PROBLEM DESCRIPTION ▸
The records below are to be reproduced exactly, with the pictures left out.
** Opening DATA FOR THE TASK block **
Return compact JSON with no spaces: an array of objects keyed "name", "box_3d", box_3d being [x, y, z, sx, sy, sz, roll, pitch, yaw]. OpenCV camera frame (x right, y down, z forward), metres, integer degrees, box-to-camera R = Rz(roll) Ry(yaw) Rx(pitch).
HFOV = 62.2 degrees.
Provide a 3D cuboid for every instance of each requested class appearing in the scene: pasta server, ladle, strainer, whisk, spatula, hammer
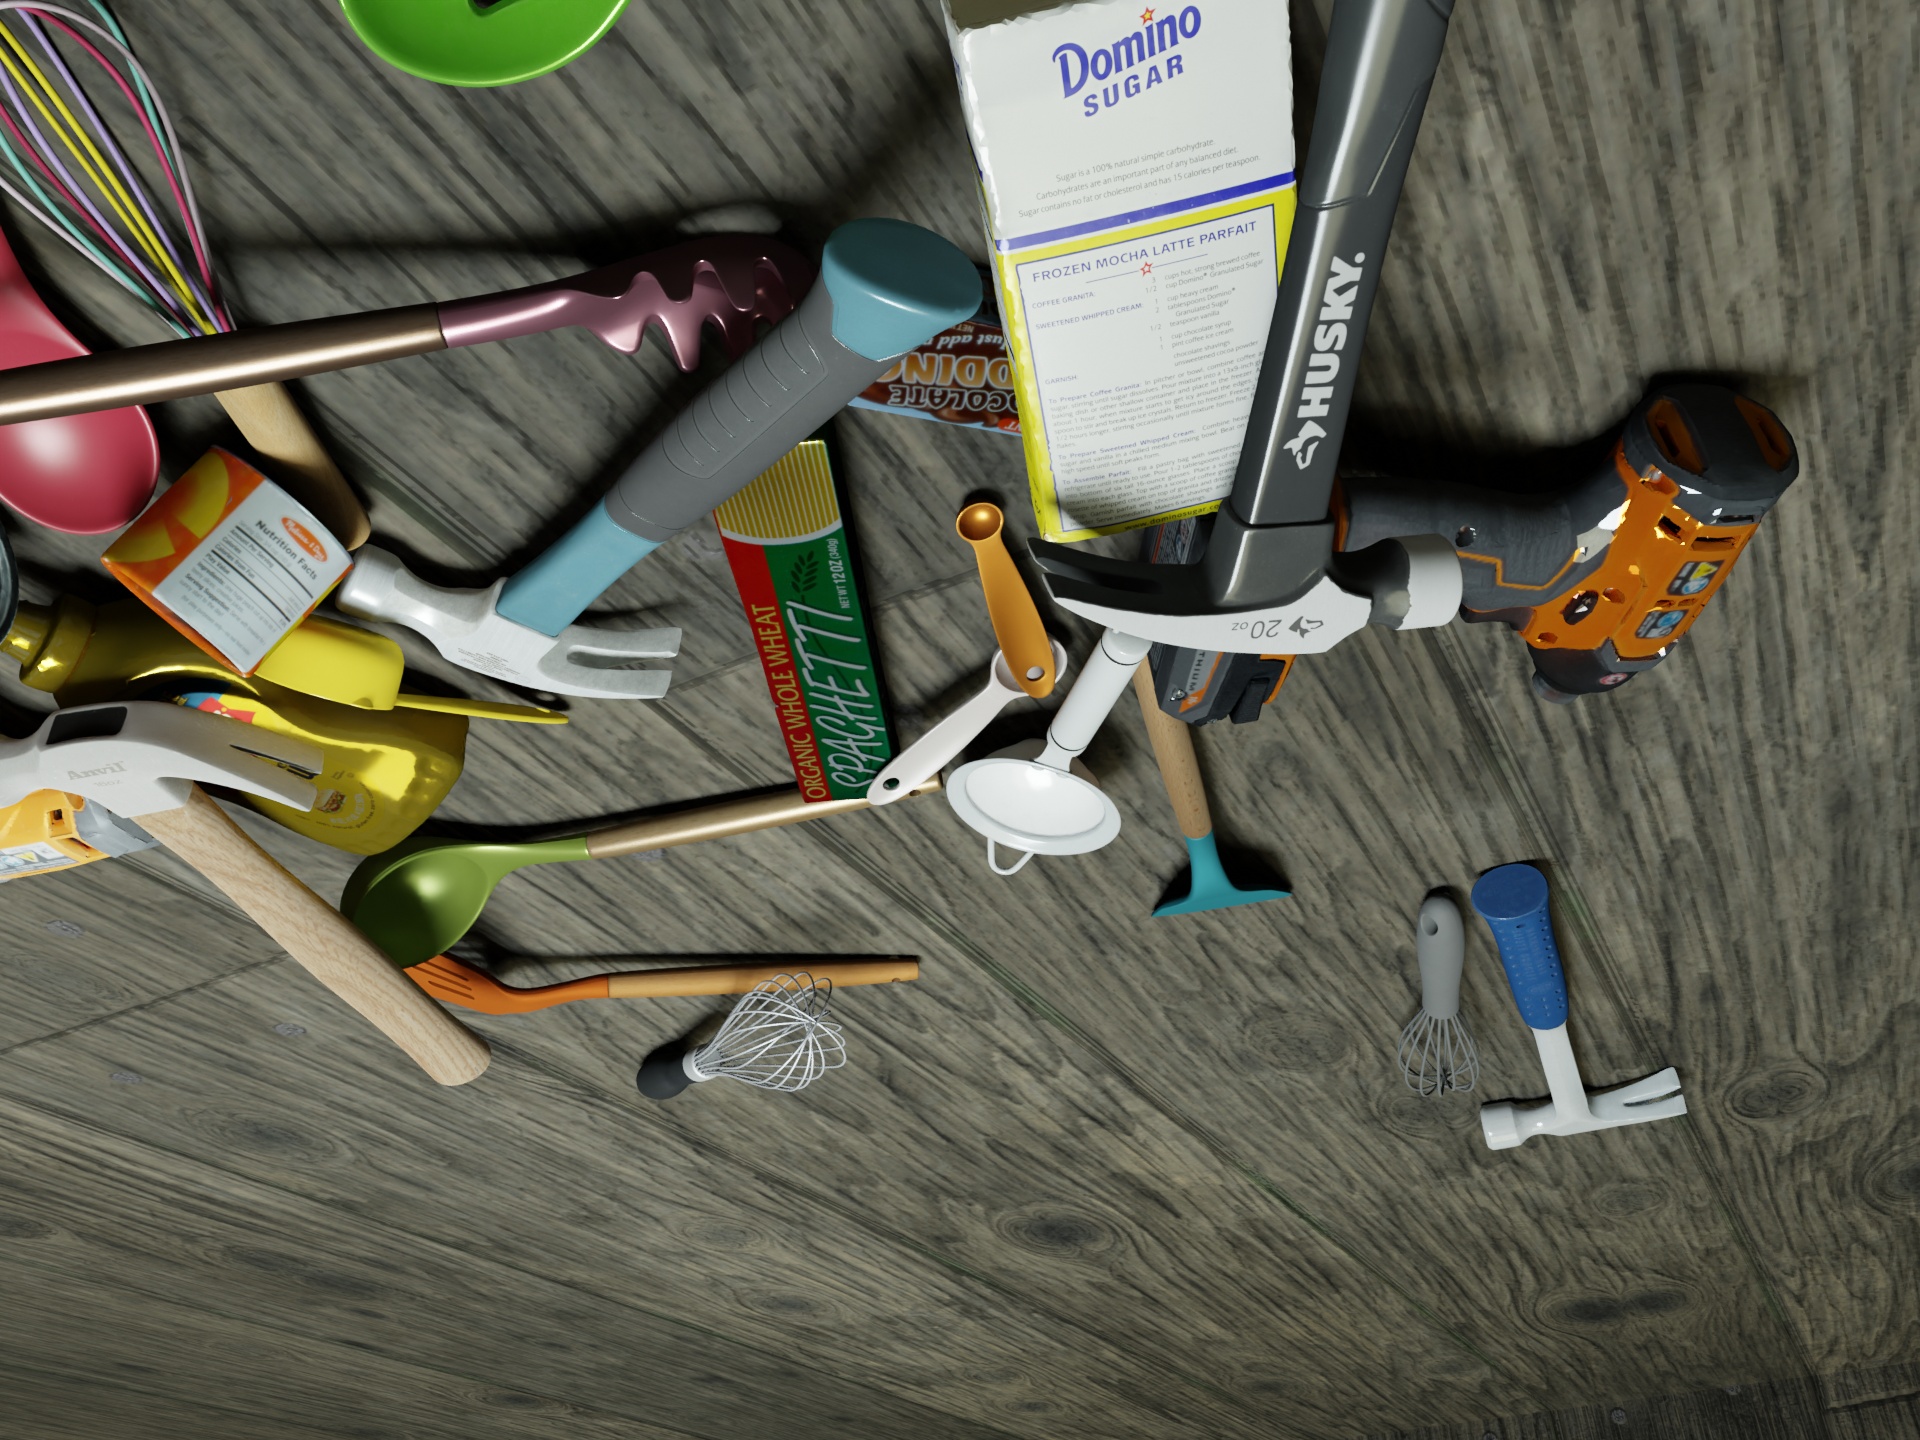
[{"name":"pasta server","box_3d":[-0.192,-0.115,0.508,0.316,0.040,0.060,-12,171,-9]},{"name":"ladle","box_3d":[-0.309,-0.175,0.475,0.069,0.031,0.315,2,143,-7]},{"name":"strainer","box_3d":[0.049,0.008,0.715,0.087,0.050,0.258,18,155,-3]},{"name":"whisk","box_3d":[-0.148,0.208,0.984,0.070,0.070,0.284,17,154,-25]},{"name":"spatula","box_3d":[-0.186,0.149,0.956,0.322,0.041,0.081,-1,146,-9]},{"name":"spatula","box_3d":[0.112,0.031,0.804,0.082,0.044,0.317,-10,140,12]},{"name":"hammer","box_3d":[0.394,0.198,1.050,0.144,0.035,0.405,-15,143,18]},{"name":"ladle","box_3d":[-0.164,0.069,0.812,0.320,0.062,0.078,-11,144,8]},{"name":"whisk","box_3d":[-0.253,-0.138,0.527,0.047,0.051,0.244,14,152,13]},{"name":"whisk","box_3d":[0.303,0.176,1.008,0.055,0.055,0.238,-9,140,9]},{"name":"hammer","box_3d":[0.105,-0.159,0.435,0.146,0.035,0.334,-5,130,-13]},{"name":"hammer","box_3d":[-0.306,0.096,0.750,0.130,0.031,0.331,-10,143,8]},{"name":"hammer","box_3d":[-0.108,-0.078,0.558,0.128,0.033,0.331,25,149,-29]}]

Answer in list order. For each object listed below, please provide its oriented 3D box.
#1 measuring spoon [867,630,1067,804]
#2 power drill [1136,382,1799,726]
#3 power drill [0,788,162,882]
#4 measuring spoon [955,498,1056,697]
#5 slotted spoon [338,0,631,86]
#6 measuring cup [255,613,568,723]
[{"name":"measuring spoon","box_3d":[-0.001,-0.002,0.730,0.034,0.018,0.124,31,120,-33]},{"name":"power drill","box_3d":[0.190,-0.055,0.635,0.226,0.084,0.164,-3,146,-6]},{"name":"power drill","box_3d":[-0.485,0.008,0.685,0.185,0.084,0.226,-10,149,13]},{"name":"measuring spoon","box_3d":[0.020,-0.051,0.675,0.021,0.011,0.116,-20,135,3]},{"name":"slotted spoon","box_3d":[-0.013,-0.228,0.418,0.314,0.031,0.070,-10,145,7]},{"name":"measuring cup","box_3d":[-0.227,-0.020,0.684,0.062,0.029,0.156,19,-175,35]}]
** Closing DATA FOR THE TASK block **
RESPONSE BOX ▸
Return compact JSON with no spaces: an array of objects keyed "name", "box_3d", box_3d being [x, y, z, sx, sy, sz, roll, pitch, yaw]. OpenCV camera frame (x right, y down, z forward), metres, integer degrees, box-to-camera R = Rz(roll) Ry(yaw) Rx(pitch).
HFOV = 62.2 degrees.
Provide a 3D cuboid for every instance of each requested class appearing in the scene: pasta server, ladle, strainer, whisk, spatula, hammer
[{"name":"pasta server","box_3d":[-0.192,-0.115,0.508,0.316,0.040,0.060,-12,171,-9]},{"name":"ladle","box_3d":[-0.309,-0.175,0.475,0.069,0.031,0.315,2,143,-7]},{"name":"strainer","box_3d":[0.049,0.008,0.715,0.087,0.050,0.258,18,155,-3]},{"name":"whisk","box_3d":[-0.148,0.208,0.984,0.070,0.070,0.284,17,154,-25]},{"name":"spatula","box_3d":[-0.186,0.149,0.956,0.322,0.041,0.081,-1,146,-9]},{"name":"spatula","box_3d":[0.112,0.031,0.804,0.082,0.044,0.317,-10,140,12]},{"name":"hammer","box_3d":[0.394,0.198,1.050,0.144,0.035,0.405,-15,143,18]},{"name":"ladle","box_3d":[-0.164,0.069,0.812,0.320,0.062,0.078,-11,144,8]},{"name":"whisk","box_3d":[-0.253,-0.138,0.527,0.047,0.051,0.244,14,152,13]},{"name":"whisk","box_3d":[0.303,0.176,1.008,0.055,0.055,0.238,-9,140,9]},{"name":"hammer","box_3d":[0.105,-0.159,0.435,0.146,0.035,0.334,-5,130,-13]},{"name":"hammer","box_3d":[-0.306,0.096,0.750,0.130,0.031,0.331,-10,143,8]},{"name":"hammer","box_3d":[-0.108,-0.078,0.558,0.128,0.033,0.331,25,149,-29]}]

Answer in list order. For each object listed below, please provide its oriented 3D box.
#1 measuring spoon [867,630,1067,804]
#2 power drill [1136,382,1799,726]
#3 power drill [0,788,162,882]
#4 measuring spoon [955,498,1056,697]
#5 slotted spoon [338,0,631,86]
#6 measuring cup [255,613,568,723]
[{"name":"measuring spoon","box_3d":[-0.001,-0.002,0.730,0.034,0.018,0.124,31,120,-33]},{"name":"power drill","box_3d":[0.190,-0.055,0.635,0.226,0.084,0.164,-3,146,-6]},{"name":"power drill","box_3d":[-0.485,0.008,0.685,0.185,0.084,0.226,-10,149,13]},{"name":"measuring spoon","box_3d":[0.020,-0.051,0.675,0.021,0.011,0.116,-20,135,3]},{"name":"slotted spoon","box_3d":[-0.013,-0.228,0.418,0.314,0.031,0.070,-10,145,7]},{"name":"measuring cup","box_3d":[-0.227,-0.020,0.684,0.062,0.029,0.156,19,-175,35]}]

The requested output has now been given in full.